Exacerbating the situation is limited public transportation options for people who don’t have cars.

A report in 2014 produced by DataHaven, when the unemployment rate was much higher, found that persons with access to cars had an unemployment rate of 10 percent, while the rate for persons without cars was 35 percent. Unemployment has dropped significantly, but the transportation factor remains a problem, Villano said.

Skill Up is a state supported training program geared to manufacturing jobs that provides workers with entry level skills where they can get the balance of the training they need on the job. The work, however, requires a basic aptitude for math and spatial reasoning.

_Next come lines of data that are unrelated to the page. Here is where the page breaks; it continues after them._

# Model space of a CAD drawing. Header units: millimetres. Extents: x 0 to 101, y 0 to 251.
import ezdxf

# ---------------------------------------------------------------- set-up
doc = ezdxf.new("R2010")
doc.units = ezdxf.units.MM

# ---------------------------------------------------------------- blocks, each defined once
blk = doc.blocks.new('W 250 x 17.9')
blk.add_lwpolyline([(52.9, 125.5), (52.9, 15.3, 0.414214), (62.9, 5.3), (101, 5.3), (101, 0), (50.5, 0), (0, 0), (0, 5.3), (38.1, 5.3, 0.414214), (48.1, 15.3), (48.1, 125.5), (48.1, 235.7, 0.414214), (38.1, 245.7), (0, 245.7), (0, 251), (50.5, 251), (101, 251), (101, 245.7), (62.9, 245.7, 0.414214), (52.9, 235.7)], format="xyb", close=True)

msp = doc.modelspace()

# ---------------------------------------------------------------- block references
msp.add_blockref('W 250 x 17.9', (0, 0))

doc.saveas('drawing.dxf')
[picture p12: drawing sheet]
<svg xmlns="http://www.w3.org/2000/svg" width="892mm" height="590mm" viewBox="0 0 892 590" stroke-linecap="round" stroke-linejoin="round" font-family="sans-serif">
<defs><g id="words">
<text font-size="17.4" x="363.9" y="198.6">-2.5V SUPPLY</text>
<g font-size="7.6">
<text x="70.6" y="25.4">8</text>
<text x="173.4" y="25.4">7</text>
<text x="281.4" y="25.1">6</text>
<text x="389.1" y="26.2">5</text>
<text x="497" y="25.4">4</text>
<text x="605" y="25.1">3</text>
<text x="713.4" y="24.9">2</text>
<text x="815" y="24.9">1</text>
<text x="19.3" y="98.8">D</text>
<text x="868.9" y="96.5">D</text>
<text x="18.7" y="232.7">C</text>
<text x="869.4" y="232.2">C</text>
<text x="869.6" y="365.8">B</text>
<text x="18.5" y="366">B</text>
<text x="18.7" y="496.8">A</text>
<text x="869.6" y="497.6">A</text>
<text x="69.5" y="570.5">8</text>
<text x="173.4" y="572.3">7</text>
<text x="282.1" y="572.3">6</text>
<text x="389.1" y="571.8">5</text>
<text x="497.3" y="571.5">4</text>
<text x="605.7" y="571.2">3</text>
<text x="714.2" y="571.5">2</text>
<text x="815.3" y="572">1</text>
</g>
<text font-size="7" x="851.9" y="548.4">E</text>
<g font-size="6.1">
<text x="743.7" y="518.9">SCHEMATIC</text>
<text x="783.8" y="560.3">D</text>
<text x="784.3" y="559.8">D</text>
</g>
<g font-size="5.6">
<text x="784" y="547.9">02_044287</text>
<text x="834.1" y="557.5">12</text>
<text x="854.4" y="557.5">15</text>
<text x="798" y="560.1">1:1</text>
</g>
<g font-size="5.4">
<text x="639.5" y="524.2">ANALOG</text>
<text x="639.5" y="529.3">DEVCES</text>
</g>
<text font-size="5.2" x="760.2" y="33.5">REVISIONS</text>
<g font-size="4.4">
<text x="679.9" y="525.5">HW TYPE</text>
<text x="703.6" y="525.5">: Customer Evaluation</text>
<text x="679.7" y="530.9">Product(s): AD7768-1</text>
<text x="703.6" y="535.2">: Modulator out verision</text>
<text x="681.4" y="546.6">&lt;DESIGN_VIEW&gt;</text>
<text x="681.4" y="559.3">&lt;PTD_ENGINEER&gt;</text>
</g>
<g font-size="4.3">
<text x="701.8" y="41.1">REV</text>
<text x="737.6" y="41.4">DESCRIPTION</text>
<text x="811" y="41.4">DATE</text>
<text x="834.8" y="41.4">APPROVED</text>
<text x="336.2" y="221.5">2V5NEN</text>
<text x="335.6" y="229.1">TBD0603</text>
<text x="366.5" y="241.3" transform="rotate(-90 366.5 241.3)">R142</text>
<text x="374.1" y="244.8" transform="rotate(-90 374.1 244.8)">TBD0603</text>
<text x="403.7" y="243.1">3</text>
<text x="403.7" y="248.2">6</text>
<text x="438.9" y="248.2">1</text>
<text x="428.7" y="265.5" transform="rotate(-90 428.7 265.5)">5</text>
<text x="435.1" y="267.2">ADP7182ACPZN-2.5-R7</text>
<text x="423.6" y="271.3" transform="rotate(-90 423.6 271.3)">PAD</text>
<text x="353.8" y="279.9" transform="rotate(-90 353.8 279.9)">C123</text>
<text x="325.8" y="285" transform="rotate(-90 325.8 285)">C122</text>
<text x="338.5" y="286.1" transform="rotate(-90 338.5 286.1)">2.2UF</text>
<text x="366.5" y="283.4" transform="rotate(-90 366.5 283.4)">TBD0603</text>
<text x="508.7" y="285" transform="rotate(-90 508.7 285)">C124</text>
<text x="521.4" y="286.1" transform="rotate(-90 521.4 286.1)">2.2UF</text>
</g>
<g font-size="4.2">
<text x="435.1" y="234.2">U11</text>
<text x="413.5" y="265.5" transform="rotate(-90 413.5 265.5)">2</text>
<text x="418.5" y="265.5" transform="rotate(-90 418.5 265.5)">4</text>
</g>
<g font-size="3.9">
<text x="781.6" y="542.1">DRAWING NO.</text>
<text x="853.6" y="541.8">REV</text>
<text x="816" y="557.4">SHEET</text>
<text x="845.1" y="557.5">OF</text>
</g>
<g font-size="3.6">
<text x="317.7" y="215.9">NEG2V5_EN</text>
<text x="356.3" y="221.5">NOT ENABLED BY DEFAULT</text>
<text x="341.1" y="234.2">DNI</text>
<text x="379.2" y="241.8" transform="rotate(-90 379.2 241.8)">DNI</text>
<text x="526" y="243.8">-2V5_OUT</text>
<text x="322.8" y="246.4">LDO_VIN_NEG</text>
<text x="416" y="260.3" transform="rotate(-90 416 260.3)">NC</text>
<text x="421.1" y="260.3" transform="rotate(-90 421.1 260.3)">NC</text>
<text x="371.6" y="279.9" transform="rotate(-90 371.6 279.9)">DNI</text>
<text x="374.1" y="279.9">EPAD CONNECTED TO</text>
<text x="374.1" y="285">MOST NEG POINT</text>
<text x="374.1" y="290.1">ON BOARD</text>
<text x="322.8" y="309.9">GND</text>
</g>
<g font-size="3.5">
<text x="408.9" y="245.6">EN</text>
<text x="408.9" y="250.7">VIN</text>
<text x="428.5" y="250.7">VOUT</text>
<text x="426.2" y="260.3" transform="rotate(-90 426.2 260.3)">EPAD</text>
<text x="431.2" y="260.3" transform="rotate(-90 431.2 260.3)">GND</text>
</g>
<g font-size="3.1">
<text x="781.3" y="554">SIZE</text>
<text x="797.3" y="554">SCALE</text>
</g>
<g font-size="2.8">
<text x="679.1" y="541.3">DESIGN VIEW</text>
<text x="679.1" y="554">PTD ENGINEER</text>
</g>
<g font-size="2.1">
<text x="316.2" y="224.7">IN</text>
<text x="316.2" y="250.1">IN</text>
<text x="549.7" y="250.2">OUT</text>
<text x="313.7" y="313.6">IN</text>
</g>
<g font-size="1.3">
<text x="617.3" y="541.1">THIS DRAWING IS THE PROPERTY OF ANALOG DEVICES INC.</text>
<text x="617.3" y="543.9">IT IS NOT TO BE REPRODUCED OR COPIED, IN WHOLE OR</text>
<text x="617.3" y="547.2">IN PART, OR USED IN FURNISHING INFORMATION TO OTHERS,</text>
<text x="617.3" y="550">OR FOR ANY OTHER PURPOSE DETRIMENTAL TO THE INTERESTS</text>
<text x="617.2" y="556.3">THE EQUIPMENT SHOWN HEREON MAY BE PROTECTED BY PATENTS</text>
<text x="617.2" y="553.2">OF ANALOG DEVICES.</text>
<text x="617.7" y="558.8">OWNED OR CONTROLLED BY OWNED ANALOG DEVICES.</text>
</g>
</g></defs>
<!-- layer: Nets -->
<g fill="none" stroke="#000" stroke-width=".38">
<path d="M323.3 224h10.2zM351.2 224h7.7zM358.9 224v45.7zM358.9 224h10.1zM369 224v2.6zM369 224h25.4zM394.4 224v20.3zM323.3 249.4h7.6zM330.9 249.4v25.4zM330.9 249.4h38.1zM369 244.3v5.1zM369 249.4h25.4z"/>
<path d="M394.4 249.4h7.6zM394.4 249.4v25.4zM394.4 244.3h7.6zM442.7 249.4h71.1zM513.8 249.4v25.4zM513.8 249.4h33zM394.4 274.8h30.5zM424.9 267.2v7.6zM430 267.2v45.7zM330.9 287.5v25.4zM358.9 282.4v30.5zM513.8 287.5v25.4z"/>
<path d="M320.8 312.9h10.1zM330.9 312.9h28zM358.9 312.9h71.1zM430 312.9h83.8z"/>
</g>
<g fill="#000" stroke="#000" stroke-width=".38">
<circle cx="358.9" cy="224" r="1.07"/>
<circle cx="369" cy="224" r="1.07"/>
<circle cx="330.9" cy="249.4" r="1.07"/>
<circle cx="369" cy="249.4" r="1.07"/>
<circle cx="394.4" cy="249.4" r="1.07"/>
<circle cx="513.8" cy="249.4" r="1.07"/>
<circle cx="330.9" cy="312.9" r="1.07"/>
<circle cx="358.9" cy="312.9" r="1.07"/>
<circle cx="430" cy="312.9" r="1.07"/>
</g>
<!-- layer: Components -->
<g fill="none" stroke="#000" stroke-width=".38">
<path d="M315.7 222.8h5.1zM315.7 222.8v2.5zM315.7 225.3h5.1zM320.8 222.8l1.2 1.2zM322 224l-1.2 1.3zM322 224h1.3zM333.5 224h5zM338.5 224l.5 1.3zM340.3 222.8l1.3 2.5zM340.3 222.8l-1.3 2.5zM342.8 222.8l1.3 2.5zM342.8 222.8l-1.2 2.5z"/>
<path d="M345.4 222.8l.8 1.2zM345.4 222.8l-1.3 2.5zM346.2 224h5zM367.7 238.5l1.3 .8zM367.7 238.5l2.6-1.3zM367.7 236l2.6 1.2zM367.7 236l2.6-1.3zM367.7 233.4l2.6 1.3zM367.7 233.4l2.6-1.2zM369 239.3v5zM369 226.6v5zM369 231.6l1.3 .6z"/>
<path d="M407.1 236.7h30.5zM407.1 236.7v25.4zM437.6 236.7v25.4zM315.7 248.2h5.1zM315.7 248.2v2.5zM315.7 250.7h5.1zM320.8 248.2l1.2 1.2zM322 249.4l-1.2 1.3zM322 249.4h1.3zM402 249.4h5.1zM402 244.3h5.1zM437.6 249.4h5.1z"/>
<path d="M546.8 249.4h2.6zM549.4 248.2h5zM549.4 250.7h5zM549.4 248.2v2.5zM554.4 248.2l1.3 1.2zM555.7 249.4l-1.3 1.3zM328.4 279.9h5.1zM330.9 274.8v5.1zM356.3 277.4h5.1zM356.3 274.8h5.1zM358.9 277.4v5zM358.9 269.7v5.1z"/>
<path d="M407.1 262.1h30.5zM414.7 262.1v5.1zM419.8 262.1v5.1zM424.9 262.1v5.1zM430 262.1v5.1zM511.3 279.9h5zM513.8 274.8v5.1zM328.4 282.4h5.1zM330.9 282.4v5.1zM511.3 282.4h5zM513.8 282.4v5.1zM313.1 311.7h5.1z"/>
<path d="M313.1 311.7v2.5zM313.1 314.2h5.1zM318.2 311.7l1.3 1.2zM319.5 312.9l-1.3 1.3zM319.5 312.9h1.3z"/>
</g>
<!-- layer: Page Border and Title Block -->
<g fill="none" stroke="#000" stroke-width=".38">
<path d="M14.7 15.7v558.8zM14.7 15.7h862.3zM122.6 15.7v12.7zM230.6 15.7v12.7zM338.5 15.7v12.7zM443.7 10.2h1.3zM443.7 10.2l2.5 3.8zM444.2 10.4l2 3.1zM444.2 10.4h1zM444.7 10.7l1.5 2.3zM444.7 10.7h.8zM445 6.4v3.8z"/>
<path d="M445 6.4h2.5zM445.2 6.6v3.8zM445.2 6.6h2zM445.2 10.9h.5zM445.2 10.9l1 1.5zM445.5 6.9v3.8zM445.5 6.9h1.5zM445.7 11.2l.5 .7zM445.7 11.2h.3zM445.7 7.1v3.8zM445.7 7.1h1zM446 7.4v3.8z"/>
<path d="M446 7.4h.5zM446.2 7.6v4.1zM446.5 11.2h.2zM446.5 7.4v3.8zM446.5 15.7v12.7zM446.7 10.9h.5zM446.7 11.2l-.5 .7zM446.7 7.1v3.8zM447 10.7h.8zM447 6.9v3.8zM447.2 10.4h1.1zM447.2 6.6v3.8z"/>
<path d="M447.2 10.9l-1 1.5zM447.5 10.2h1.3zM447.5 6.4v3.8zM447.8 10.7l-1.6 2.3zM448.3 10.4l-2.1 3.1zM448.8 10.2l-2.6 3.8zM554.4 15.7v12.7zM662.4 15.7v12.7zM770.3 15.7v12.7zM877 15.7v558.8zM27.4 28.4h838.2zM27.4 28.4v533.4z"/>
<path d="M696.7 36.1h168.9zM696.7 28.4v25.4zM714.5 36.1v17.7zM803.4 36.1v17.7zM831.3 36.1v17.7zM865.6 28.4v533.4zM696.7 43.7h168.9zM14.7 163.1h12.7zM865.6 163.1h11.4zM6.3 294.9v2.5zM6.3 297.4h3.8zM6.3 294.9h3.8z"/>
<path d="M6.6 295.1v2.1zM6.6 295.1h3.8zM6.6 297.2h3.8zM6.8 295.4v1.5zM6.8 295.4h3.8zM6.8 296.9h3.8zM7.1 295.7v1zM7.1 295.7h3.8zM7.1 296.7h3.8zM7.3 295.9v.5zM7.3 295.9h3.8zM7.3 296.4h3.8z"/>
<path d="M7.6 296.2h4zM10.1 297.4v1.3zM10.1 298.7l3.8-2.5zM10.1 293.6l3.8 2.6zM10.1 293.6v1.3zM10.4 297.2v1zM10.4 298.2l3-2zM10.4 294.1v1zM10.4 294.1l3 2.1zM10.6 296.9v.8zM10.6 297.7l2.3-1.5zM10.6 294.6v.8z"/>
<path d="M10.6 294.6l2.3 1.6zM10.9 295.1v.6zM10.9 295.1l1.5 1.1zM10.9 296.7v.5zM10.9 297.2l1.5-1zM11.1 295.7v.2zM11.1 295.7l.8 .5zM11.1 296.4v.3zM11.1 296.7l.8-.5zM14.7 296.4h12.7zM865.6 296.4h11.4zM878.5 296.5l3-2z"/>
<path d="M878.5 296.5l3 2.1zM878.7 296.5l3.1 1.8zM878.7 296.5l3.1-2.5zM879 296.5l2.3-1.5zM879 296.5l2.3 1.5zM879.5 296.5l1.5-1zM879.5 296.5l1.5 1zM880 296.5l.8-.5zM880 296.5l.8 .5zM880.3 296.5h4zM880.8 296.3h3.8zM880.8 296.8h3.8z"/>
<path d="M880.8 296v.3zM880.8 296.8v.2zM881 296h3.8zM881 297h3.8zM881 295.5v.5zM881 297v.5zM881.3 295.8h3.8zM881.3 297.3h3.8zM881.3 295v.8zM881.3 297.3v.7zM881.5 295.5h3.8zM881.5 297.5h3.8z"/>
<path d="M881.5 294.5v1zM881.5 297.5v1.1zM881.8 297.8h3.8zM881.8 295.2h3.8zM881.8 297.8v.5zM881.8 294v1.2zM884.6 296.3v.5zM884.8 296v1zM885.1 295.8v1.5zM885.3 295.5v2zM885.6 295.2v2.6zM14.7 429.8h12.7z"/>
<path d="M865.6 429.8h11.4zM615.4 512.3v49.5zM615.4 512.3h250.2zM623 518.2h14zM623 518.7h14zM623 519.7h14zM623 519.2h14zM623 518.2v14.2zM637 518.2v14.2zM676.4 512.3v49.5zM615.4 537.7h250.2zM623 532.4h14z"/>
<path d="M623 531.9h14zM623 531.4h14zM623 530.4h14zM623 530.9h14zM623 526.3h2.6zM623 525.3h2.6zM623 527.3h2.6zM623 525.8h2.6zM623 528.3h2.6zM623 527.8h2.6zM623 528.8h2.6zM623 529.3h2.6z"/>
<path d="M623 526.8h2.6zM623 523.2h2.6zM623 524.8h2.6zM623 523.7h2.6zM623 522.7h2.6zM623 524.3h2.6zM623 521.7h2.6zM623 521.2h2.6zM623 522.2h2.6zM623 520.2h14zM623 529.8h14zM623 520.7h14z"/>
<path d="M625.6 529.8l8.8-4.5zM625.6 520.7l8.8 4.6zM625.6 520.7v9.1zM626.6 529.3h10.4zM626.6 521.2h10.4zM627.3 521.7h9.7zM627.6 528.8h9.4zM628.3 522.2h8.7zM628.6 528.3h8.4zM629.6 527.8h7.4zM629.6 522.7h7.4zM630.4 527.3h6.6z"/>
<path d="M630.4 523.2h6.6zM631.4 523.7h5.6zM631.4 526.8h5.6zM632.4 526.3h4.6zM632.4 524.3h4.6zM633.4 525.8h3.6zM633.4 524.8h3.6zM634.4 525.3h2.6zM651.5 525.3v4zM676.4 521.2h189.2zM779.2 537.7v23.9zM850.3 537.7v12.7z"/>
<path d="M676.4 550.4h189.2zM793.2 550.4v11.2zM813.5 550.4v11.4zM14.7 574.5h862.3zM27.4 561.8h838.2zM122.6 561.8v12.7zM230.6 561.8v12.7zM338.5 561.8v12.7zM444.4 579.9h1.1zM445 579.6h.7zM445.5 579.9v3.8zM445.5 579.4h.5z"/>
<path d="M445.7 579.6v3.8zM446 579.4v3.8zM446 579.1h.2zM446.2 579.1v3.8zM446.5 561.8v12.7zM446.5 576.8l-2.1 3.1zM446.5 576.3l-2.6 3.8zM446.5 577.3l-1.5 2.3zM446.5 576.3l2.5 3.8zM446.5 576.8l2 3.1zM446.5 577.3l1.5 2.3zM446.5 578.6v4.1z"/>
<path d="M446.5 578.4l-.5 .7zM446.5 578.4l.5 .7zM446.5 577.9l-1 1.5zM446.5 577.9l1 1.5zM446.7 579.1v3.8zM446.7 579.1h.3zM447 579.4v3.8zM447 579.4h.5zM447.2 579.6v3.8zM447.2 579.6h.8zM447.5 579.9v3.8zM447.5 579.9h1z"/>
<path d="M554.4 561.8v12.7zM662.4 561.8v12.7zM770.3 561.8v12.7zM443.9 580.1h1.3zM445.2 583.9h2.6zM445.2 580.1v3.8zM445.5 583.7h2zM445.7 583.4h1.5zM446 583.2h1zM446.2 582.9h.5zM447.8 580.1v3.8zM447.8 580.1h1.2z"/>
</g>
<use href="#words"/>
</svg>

Villano said once someone goes through the five-week intensive manufacturing program, they are a much better recruit than if a company went elsewhere to find staffing. Given that manufacturing has been the leading sector in job growth for the past several years, he said the training is an important initiative.

The director said the community college system does a good job training residents for manufacturing jobs, but it is only turning out about 600 to 700 graduates a year. He said the manufacturers themselves are realizing they have to engage in training. Skill Up was adopted to accelerate that training pace to 10,000 people over four years.

In the past 21/2 years, 1,200 graduates have been placed in jobs with more than 180 manufacturers, Villano said, while the state projects that it will need 25,000 skilled manufacturing workers over the next decade.

For those lacking math, reading and computer skills, free training is available through nonprofits listed on the Workforce Alliance website. The Workshop Alliance also matches people with a number of specific industries and careers beyond manufacturers.

Ann Hamilton, communications director at the alliance, said if someone doesn’t make the grade when they test for Skill Up, the alliance offers a refresher course or a boot camp and candidates then can retake the test. The boot camp is a quick, 2-week endeavor.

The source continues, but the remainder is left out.